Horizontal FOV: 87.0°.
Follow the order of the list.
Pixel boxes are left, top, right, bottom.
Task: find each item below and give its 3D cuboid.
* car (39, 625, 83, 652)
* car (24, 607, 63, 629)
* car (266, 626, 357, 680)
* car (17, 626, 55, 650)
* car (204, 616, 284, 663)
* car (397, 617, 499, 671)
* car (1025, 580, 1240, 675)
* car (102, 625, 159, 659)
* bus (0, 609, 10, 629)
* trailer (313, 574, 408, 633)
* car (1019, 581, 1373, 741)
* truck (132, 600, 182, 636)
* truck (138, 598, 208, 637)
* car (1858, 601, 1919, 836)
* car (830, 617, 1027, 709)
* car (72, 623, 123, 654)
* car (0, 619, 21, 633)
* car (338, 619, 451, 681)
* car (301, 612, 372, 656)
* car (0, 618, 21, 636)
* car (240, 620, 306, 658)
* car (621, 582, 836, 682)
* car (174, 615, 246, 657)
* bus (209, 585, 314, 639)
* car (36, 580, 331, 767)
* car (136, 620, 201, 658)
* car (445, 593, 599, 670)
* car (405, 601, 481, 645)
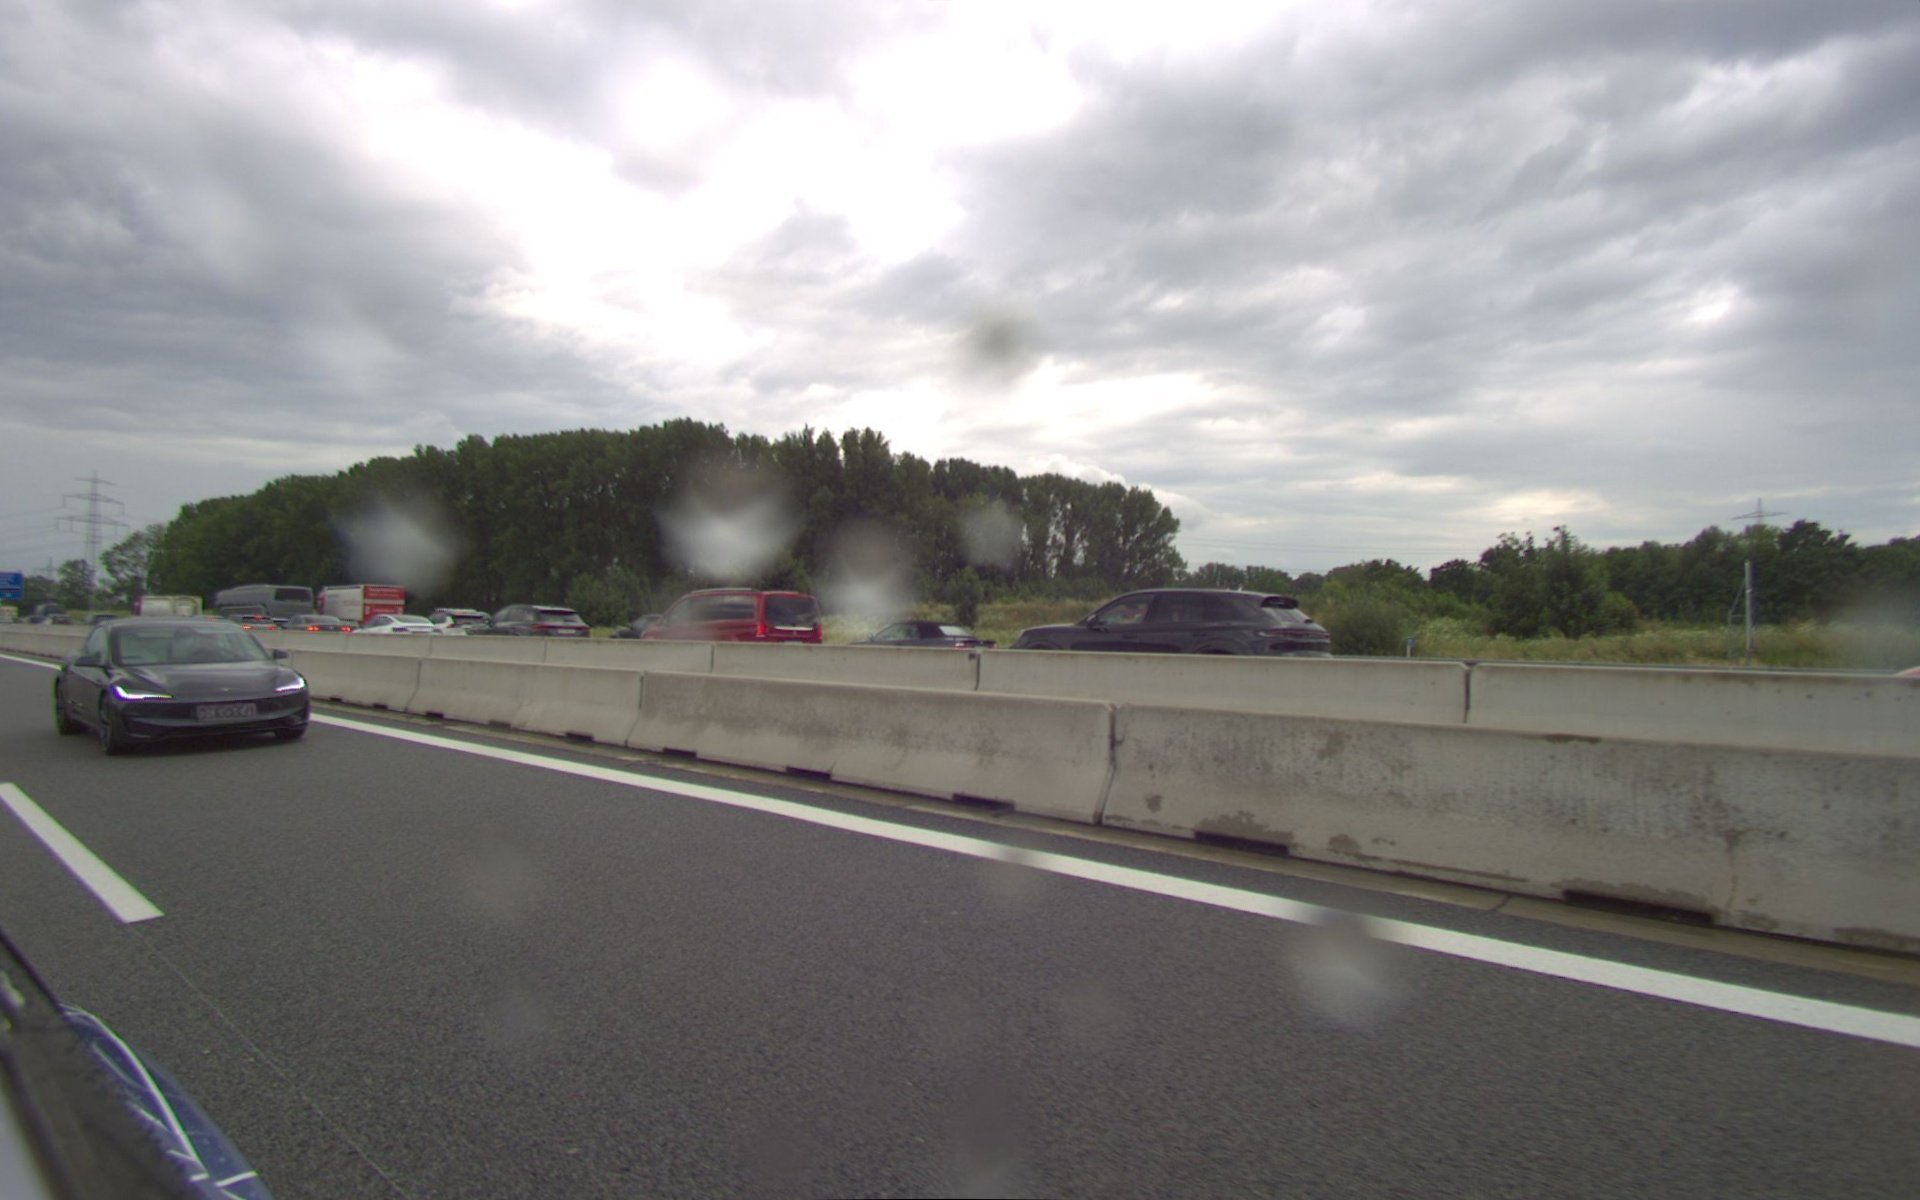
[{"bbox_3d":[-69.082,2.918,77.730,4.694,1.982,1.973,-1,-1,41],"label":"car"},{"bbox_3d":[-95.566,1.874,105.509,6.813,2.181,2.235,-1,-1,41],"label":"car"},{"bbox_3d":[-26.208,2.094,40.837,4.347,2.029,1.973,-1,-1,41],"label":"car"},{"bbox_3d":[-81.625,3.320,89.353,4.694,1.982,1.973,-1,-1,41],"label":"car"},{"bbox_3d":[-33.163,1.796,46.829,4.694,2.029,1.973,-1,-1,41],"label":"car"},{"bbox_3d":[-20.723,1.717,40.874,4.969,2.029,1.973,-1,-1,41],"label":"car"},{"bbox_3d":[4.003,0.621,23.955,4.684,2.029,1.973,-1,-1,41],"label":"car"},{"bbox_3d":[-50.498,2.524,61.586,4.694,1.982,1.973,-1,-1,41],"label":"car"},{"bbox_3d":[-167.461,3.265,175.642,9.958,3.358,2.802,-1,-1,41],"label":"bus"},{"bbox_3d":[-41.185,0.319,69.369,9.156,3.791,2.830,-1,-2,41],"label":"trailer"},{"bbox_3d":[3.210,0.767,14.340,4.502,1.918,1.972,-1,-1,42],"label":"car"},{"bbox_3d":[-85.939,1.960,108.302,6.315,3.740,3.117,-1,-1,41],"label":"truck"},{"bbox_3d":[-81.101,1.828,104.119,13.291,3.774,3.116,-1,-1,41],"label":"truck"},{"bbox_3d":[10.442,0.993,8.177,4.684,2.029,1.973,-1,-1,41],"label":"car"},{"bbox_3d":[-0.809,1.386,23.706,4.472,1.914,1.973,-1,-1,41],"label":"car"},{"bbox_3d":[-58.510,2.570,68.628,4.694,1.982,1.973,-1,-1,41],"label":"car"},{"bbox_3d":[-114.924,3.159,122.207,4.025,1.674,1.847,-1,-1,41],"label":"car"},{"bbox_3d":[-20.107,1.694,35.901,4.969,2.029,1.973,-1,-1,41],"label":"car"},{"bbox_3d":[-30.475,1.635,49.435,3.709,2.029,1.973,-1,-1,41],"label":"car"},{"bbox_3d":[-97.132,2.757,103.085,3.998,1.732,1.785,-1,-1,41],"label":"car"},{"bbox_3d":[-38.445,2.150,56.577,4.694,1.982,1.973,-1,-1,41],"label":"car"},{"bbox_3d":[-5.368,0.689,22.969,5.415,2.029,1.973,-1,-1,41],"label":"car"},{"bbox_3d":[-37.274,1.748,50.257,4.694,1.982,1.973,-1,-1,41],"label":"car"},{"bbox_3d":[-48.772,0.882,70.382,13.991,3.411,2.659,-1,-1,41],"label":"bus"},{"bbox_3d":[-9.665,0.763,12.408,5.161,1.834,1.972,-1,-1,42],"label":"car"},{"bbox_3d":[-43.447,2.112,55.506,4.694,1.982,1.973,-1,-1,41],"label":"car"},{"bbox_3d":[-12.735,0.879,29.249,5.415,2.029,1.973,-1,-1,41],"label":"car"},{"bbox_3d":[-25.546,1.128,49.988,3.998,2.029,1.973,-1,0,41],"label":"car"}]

:::::

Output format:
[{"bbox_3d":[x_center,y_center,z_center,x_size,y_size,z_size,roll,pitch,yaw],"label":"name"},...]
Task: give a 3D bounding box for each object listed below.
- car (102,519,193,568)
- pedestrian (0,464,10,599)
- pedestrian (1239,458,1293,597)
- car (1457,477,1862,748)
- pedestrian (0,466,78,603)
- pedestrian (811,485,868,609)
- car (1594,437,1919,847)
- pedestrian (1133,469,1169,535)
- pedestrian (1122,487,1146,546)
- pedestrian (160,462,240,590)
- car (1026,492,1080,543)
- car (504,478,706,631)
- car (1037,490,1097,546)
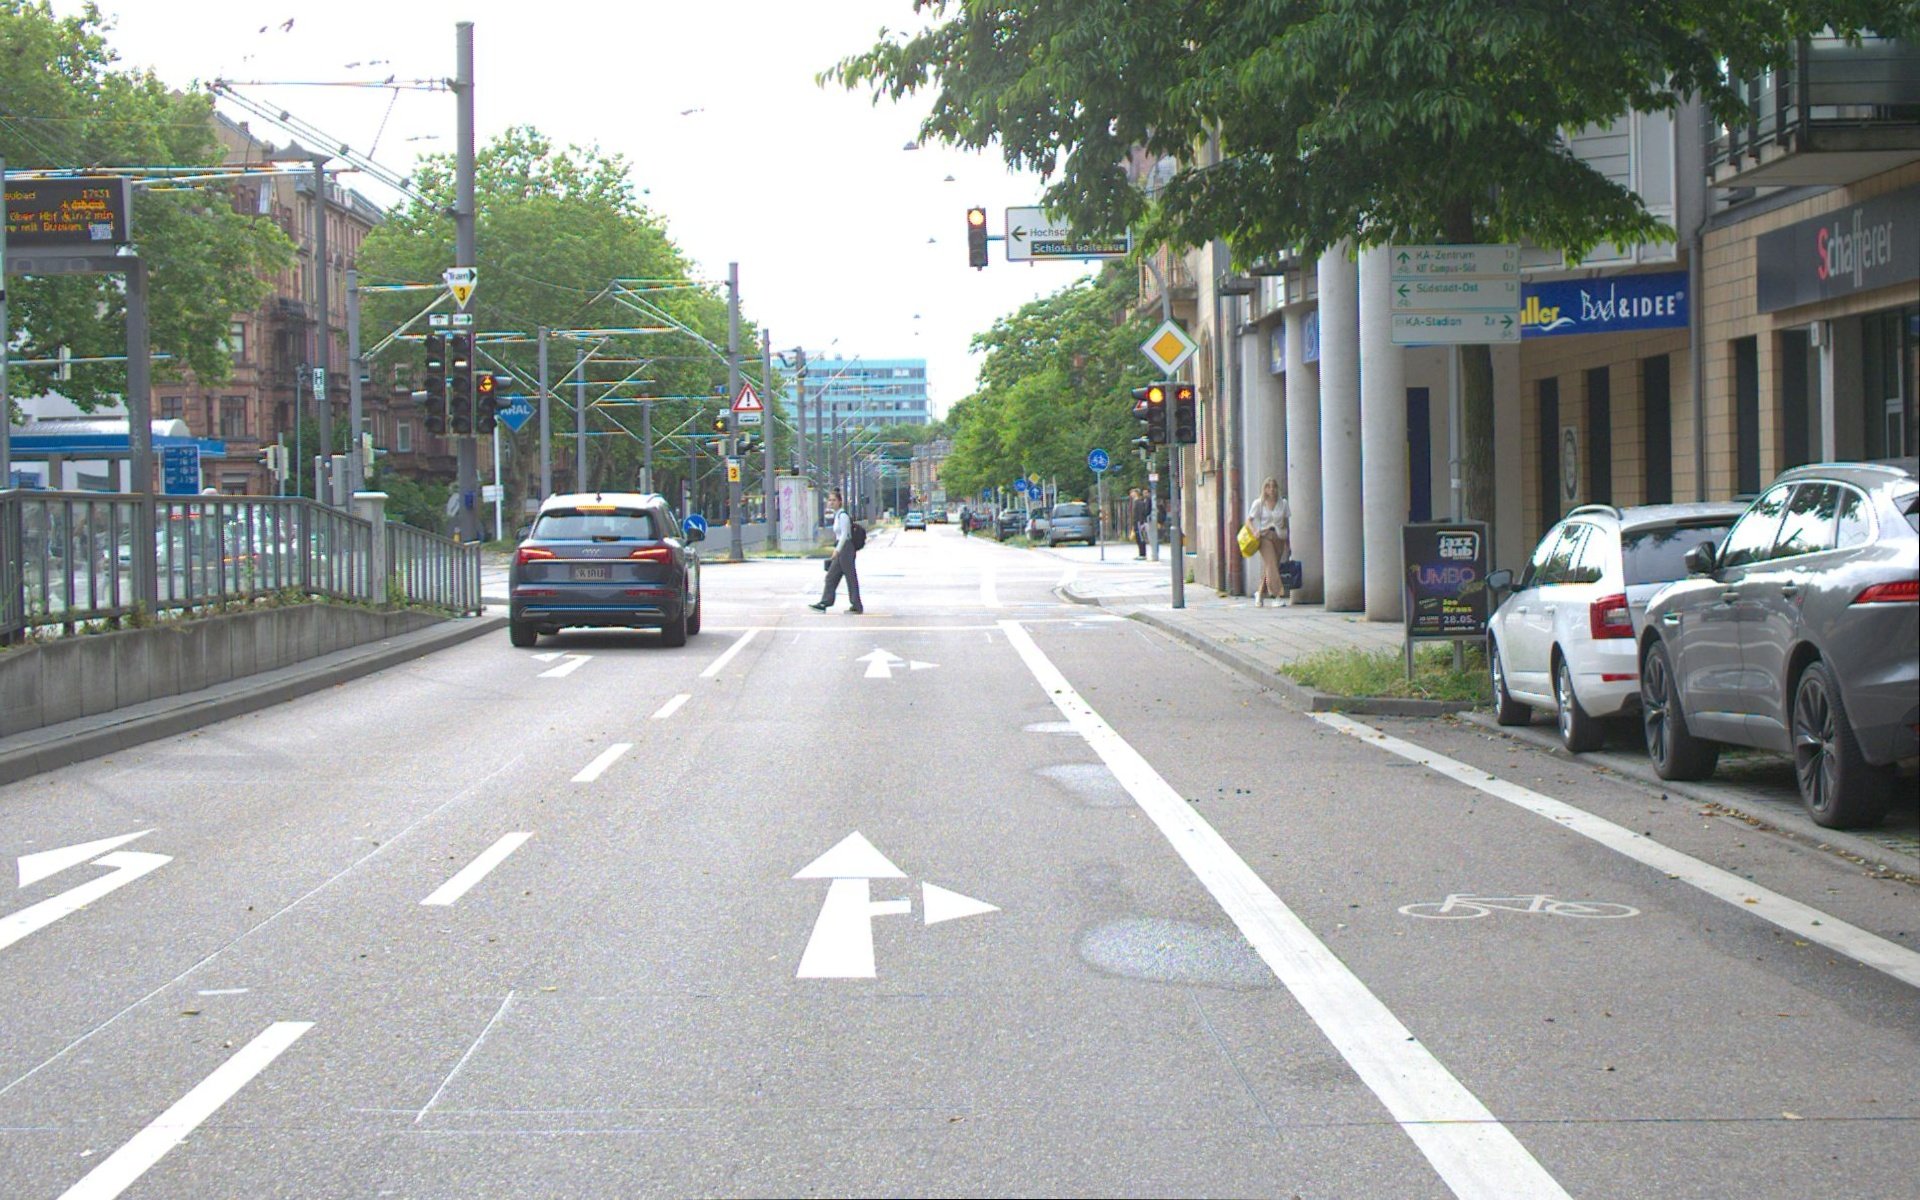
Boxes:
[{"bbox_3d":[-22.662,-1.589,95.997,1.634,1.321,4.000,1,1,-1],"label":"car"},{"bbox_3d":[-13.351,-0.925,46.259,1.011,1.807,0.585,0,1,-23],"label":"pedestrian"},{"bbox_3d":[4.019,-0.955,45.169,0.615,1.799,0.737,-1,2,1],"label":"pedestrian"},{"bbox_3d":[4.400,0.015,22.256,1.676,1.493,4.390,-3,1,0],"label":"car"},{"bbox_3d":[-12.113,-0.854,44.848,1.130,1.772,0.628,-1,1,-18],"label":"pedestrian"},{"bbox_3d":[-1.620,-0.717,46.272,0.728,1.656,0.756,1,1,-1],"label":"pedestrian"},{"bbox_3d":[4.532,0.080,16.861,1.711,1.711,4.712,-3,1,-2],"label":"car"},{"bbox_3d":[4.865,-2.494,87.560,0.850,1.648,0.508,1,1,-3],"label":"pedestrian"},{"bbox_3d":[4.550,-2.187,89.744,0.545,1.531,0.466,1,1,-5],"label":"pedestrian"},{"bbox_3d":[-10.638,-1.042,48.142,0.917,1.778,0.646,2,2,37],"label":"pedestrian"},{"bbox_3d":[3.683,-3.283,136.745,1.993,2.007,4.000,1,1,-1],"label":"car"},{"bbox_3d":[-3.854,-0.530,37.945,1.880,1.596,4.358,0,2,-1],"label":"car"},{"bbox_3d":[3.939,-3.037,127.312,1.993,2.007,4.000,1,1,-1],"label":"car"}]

:::::

Repeat the entries above verbatim, but only from the line that has "620, 306, 658)" down to the line that has "593, 599, 670)", inclusive.

§ Exercise response
* car (240, 620, 306, 658)
* car (621, 582, 836, 682)
* car (174, 615, 246, 657)
* bus (209, 585, 314, 639)
* car (36, 580, 331, 767)
* car (136, 620, 201, 658)
* car (445, 593, 599, 670)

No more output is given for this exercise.